By Tim Sandle     Sep 5, 2017 in Health
If the wearable technology market is to progress, developers will need to understand the science of human skin better, a new report suggests. Future technologies are set to cover conditions like heart conditions, diabetes, and pain relief.
Wearables are set to make a greater contribution to digital health according to Dr. Diana Eitzman. Dr. Eitzman is the director of agile commercialization for 3M’s Critical & Chronic Care Solutions Division. She told QMed in a recent interview: “Wearables can help patients stay out of the hospital.” For this reason, combined with an improving reception from the medical sector, investment in wearables is set to expand in 2018 and offer new opportunities for start-ups, as well as major players like 3M.
Dr. Eitzman has recently presented a report to at MD&M East 2017 (the largest ‘medtech’ event on the east coast of the U.S.). The report and accompanying presentation was titled: “Science of Skin: Challenges of Long Wear Adhesives.” In the presentation, Dr. Eitzman discussed the critical considerations when developing wearables to be worn on skin, as well as the requirements for developing an appropriate proper adhesive.
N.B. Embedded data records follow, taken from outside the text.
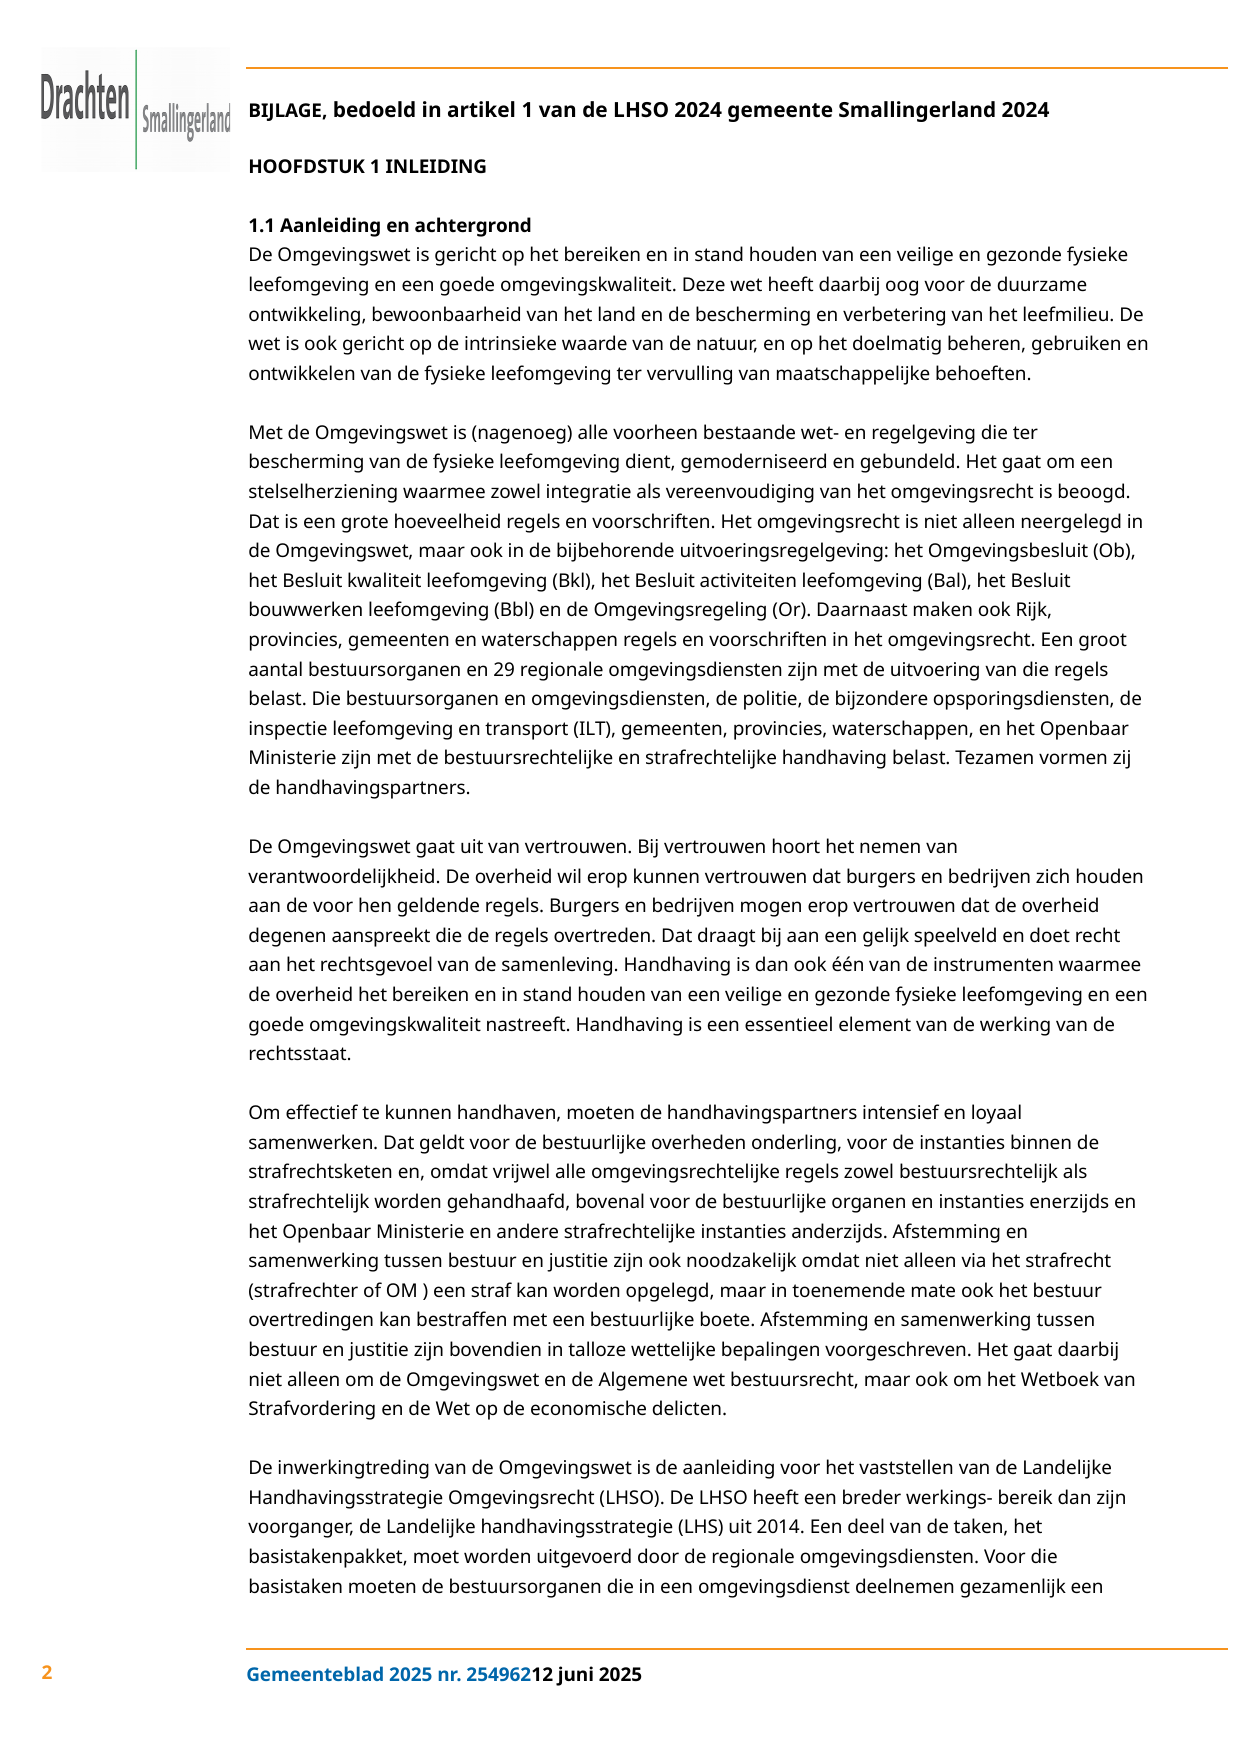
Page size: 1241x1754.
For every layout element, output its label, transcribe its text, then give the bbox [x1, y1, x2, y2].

text HOOFDSTUK 1 INLEIDING [248, 153, 1152, 179]
text De Omgevingswet gaat uit van vertrouwen. Bij vertrouwen hoort het nemen van verantwoordelijkheid. De overheid wil erop kunnen vertrouwen dat burgers en bedrijven zich houden aan de voor hen geldende regels. Burgers en bedrijven mogen erop vertrouwen dat de overheid degenen aanspreekt die de regels overtreden. Dat draagt bij aan een gelijk speelveld en doet recht aan het rechtsgevoel van de samenleving. Handhaving is dan ook één van de instrumenten waarmee de overheid het bereiken en in stand houden van een veilige en gezonde fysieke leefomgeving en een goede omgevingskwaliteit nastreeft. Handhaving is een essentieel element van de werking van de rechtsstaat. [248, 833, 1152, 1066]
text BIJLAGE, bedoeld in artikel 1 van de LHSO 2024 gemeente Smallingerland 2024 [248, 95, 1152, 123]
text Met de Omgevingswet is (nagenoeg) alle voorheen bestaande wet- en regelgeving die ter bescherming van de fysieke leefomgeving dient, gemoderniseerd en gebundeld. Het gaat om een stelselherziening waarmee zowel integratie als vereenvoudiging van het omgevingsrecht is beoogd. Dat is een grote hoeveelheid regels en voorschriften. Het omgevingsrecht is niet alleen neergelegd in de Omgevingswet, maar ook in de bijbehorende uitvoeringsregelgeving: het Omgevingsbesluit (Ob), het Besluit kwaliteit leefomgeving (Bkl), het Besluit activiteiten leefomgeving (Bal), het Besluit bouwwerken leefomgeving (Bbl) en de Omgevingsregeling (Or). Daarnaast maken ook Rijk, provincies, gemeenten en waterschappen regels en voorschriften in het omgevingsrecht. Een groot aantal bestuursorganen en 29 regionale omgevingsdiensten zijn met de uitvoering van die regels belast. Die bestuursorganen en omgevingsdiensten, de politie, de bijzondere opsporingsdiensten, de inspectie leefomgeving en transport (ILT), gemeenten, provincies, waterschappen, en het Openbaar Ministerie zijn met de bestuursrechtelijke en strafrechtelijke handhaving belast. Tezamen vormen zij de handhavingspartners. [248, 419, 1152, 800]
picture [41, 47, 231, 172]
text 1.1 Aanleiding en achtergrond [248, 212, 1152, 238]
text De inwerkingtreding van de Omgevingswet is de aanleiding voor het vaststellen van de Landelijke Handhavingsstrategie Omgevingsrecht (LHSO). De LHSO heeft een breder werkings- bereik dan zijn voorganger, de Landelijke handhavingsstrategie (LHS) uit 2014. Een deel van de taken, het basistakenpakket, moet worden uitgevoerd door de regionale omgevingsdiensten. Voor die basistaken moeten de bestuursorganen die in een omgevingsdienst deelnemen gezamenlijk een [248, 1454, 1152, 1599]
text Om effectief te kunnen handhaven, moeten de handhavingspartners intensief en loyaal samenwerken. Dat geldt voor de bestuurlijke overheden onderling, voor de instanties binnen de strafrechtsketen en, omdat vrijwel alle omgevingsrechtelijke regels zowel bestuursrechtelijk als strafrechtelijk worden gehandhaafd, bovenal voor de bestuurlijke organen en instanties enerzijds en het Openbaar Ministerie en andere strafrechtelijke instanties anderzijds. Afstemming en samenwerking tussen bestuur en justitie zijn ook noodzakelijk omdat niet alleen via het strafrecht (strafrechter of OM ) een straf kan worden opgelegd, maar in toenemende mate ook het bestuur overtredingen kan bestraffen met een bestuurlijke boete. Afstemming en samenwerking tussen bestuur en justitie zijn bovendien in talloze wettelijke bepalingen voorgeschreven. Het gaat daarbij niet alleen om de Omgevingswet en de Algemene wet bestuursrecht, maar ook om het Wetboek van Strafvordering en de Wet op de economische delicten. [248, 1099, 1152, 1421]
text De Omgevingswet is gericht op het bereiken en in stand houden van een veilige en gezonde fysieke leefomgeving en een goede omgevingskwaliteit. Deze wet heeft daarbij oog voor de duurzame ontwikkeling, bewoonbaarheid van het land en de bescherming en verbetering van het leefmilieu. De wet is ook gericht op de intrinsieke waarde van de natuur, en op het doelmatig beheren, gebruiken en ontwikkelen van de fysieke leefomgeving ter vervulling van maatschappelijke behoeften. [248, 242, 1152, 386]

For next-generation health wearables to be effective, Dr. Eitzman said that developers need to understand the complexity of human skin better. Here she states: “Skin is multilayer, and the stratum corneum layer of the epidermis sheds cells and replaces itself in 14 days.” She also notes, furthering the complexities of device development: “the epidermis layer thins as you age and loses hyaluronic acid—it is an at-risk surface.”
One way that wearables might work better is by taking layers of skin off, to lower the surface tension. The quality of many wearables is also affected by how it binds to the skin. Here the types of adhesives can make a significant difference. According to a 3M study (published as a white paper “Evaluation of Wear Time for Various Tapes on Human Volunteers: 21-day Study”), the user population is significant for determining the suitability of the adhesive. Adhesives may need to differ depending upon whether the skin is fragile skin or if the device needs to be fitted in a moist area.
As an example of developments with wearable technology, University of Tokyo scientists have created a hypoallergenic electronic sensor that can be worn on the skin continuously for a week without discomfort. The device has been fashioned to be very light and thin so that users forget they are wearing it. The device acts as an elastic electrode fashioned from breathable nanoscale meshes. The technology has been reported to Nature Communications in the research paper “Inflammation-free, gas-permeable, lightweight, stretchable on-skin electronics with nanomeshes.”